Solve the following

Question:

[Fe(H2O)6]3+ is strongly paramagnetic whereas [Fe(CN)6]3− is weakly paramagnetic. Explain.

Solution:

In both $\left[\mathrm{Fe}\left(\mathrm{H}_{2} \mathrm{O}\right)_{6}\right]^{3+}$ and $\left[\mathrm{Fe}(\mathrm{CN})_{6}\right]^{3-}, \mathrm{Fe}$ exists in the $+3$ oxidation state i.e., in $d^{5}$ configuration.
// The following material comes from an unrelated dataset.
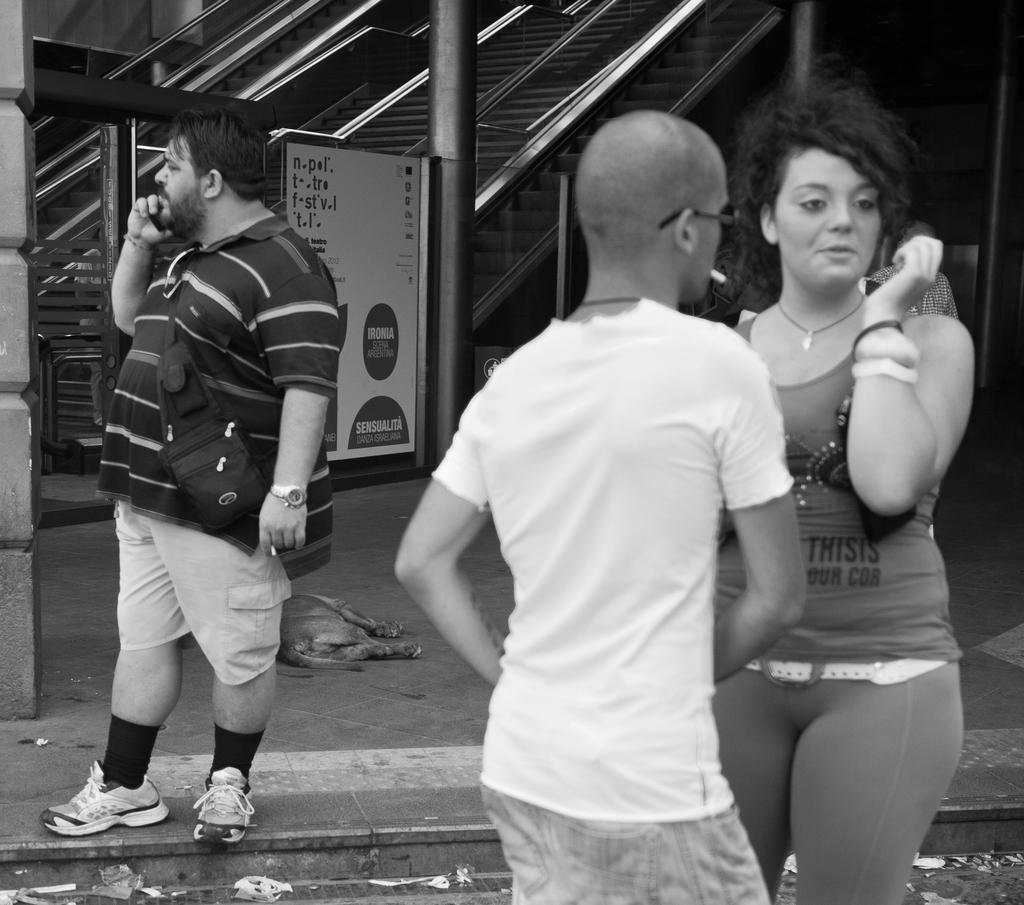Describe this image in one or two sentences. This is a black and white image. In this image, on the right side, we can see two people man and woman are standing. On the left side, we can see a man wearing a backpack is standing on the footpath. In the background, we can see a pole, hoarding with some text written on it. In the background, we can also see an escalator, at the bottom, we can see a footpath, dog.

Since CN is a strong field ligand, it causes the pairing of unpaired electrons. Therefore, there is only one unpaired electron left in the d-orbital.

Therefore,

$\mu=\sqrt{n(n+2)}$

$=\sqrt{1(1+2)}$

$=\sqrt{3}$

$=1.732 \mathrm{BM}$

On the other hand, H2O is a weak field ligand. Therefore, it cannot cause the pairing of electrons. This means that the number of unpaired electrons is 5.

Therefore,

$\mu=\sqrt{n(n+2)}$

$=\sqrt{5(5+2)}$

$=\sqrt{35}$

$\simeq 6 \mathrm{BM}$

Thus, it is evident that $\left[\mathrm{Fe}\left(\mathrm{H}_{2} \mathrm{O}\right)_{6}\right]^{3+}$ is strongly paramagnetic, while $\left[\mathrm{Fe}(\mathrm{CN})_{6}\right]^{3-}$ is weakly paramagnetic.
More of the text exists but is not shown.